Good packing is the difference between a move that ends on time and one that ends with a broken serving dish and a TV nobody can plug back in. We have carried boxes up three-flat walk-ups in Avondale, waited on slow freight elevators downtown, and threaded furniture down narrow Bungalow Belt alleys. The way you pack changes how all of that goes.
These are the same packing tips we share with our own customers before move day. They are simple, they are Chicago-specific, and they will save your back, your dishes, and your time. Pack with a little care up front and the rest of the day takes care of itself.
Key Takeaways
- Box by room and label every box on the side (not the top) with the room and a quick note on contents — it speeds up the crew at the destination and keeps your fragiles where you can see them.
- Use small boxes for heavy stuff (books, dishes, records) and large boxes for light bulky stuff (linens, pillows) — a box no one can lift slows the whole move and risks a blowout on the stairs.
- Pack a walk-up the smart way: keep aisles and the staircase clear, stage finished boxes near the door, and never stack them on the landing where the crew needs to turn.
- Plan around Chicago realities — book the freight elevator and order your COI early, account for alley access and permit-zone parking, and don't leave loose items rolling around for the truck.
- Have an essentials box and your valuables (documents, jewelry, meds, chargers) set aside to ride with you, not on the truck, so your first night is covered.
Wrap glassware in packing paper, never newspaper
Glassware and stemware break for one reason: nothing is between the pieces when the box shifts. On a Chicago move that box gets handled more than you think, carried down a back staircase, set on a dolly, ridden up a freight elevator, and slid into a truck that takes Lake Shore Drive's expansion joints at speed. Cushion every piece individually.

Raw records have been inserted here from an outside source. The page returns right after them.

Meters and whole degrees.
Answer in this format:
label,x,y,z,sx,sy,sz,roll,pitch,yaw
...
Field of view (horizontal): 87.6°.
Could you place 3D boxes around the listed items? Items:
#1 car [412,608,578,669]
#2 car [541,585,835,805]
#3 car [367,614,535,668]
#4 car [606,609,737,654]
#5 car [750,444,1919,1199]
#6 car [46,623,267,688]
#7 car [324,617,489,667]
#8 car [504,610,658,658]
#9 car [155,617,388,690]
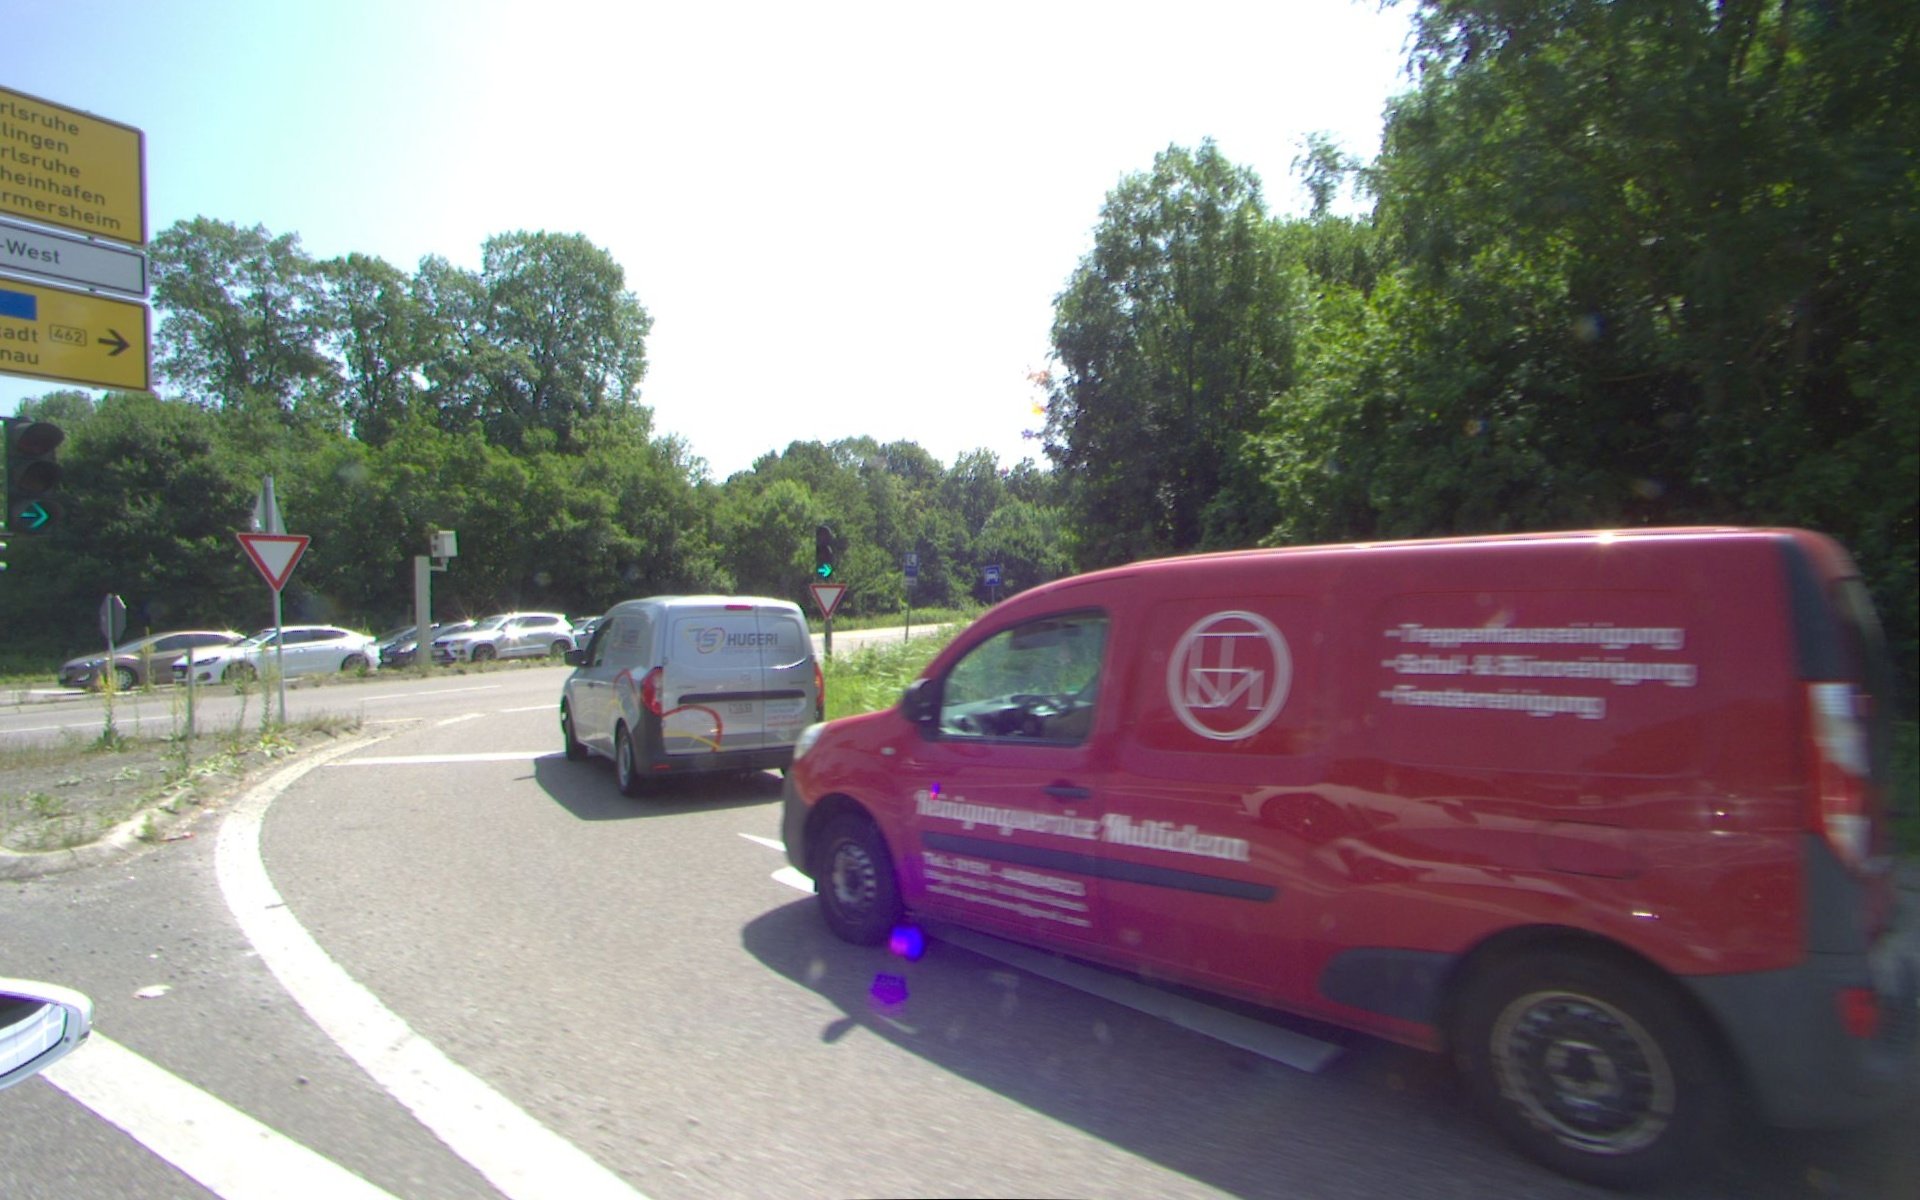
label,x,y,z,sx,sy,sz,roll,pitch,yaw
car,-14.086,1.121,30.557,1.972,1.681,4.163,-1,0,32
car,-2.992,0.806,10.371,1.738,1.796,4.087,-1,0,-33
car,-16.427,1.292,32.511,2.092,1.555,4.410,-2,-1,32
car,-10.360,1.127,36.248,1.946,1.433,4.320,-2,0,33
car,1.118,0.652,4.321,4.449,1.846,1.782,-2,-2,44
car,-20.934,1.399,26.269,1.966,1.466,4.085,-1,0,30
car,-19.201,1.430,34.964,2.082,1.518,4.606,-2,-1,32
car,-14.094,1.237,37.551,2.108,1.553,5.117,-2,0,32
car,-17.143,1.269,25.169,1.971,1.555,4.412,-1,0,31

Use clean packing paper, not newspaper. Newsprint ink rubs off on glass and dishes and you will be washing everything before you can use it. Wrap each glass on its own, then nest a second wrap around pairs. Stand glasses upright in the box like soldiers rather than laying them flat, and crumple paper into every gap so nothing can rattle. Plates travel better on their edge, vertical, with paper between each one.
Fill the top and bottom of the box with a paper cushion and label it FRAGILE on more than one side so our crew knows to keep it off the bottom of the stack. If you have a lot of stemware, ask us about boxes with cell dividers when we put together your quote.
Pack boxes full, but not overpacked
A box that is too full or too empty is the box that fails. Half-empty boxes collapse when something heavy goes on top of them in the truck, and bulging, overpacked boxes split at the seams or refuse to stack flat. Either one slows a crew down and puts your things at risk on the dolly.
Aim to fill each box to the top, then top off any space with packing paper or soft items like towels and linens so the contents do not move. When you close the lid it should sit flat with no dome and no caving in. Give it a gentle shake; if you hear shifting, add more cushion. A properly filled box keeps its shape, stacks square, and protects whatever is inside it.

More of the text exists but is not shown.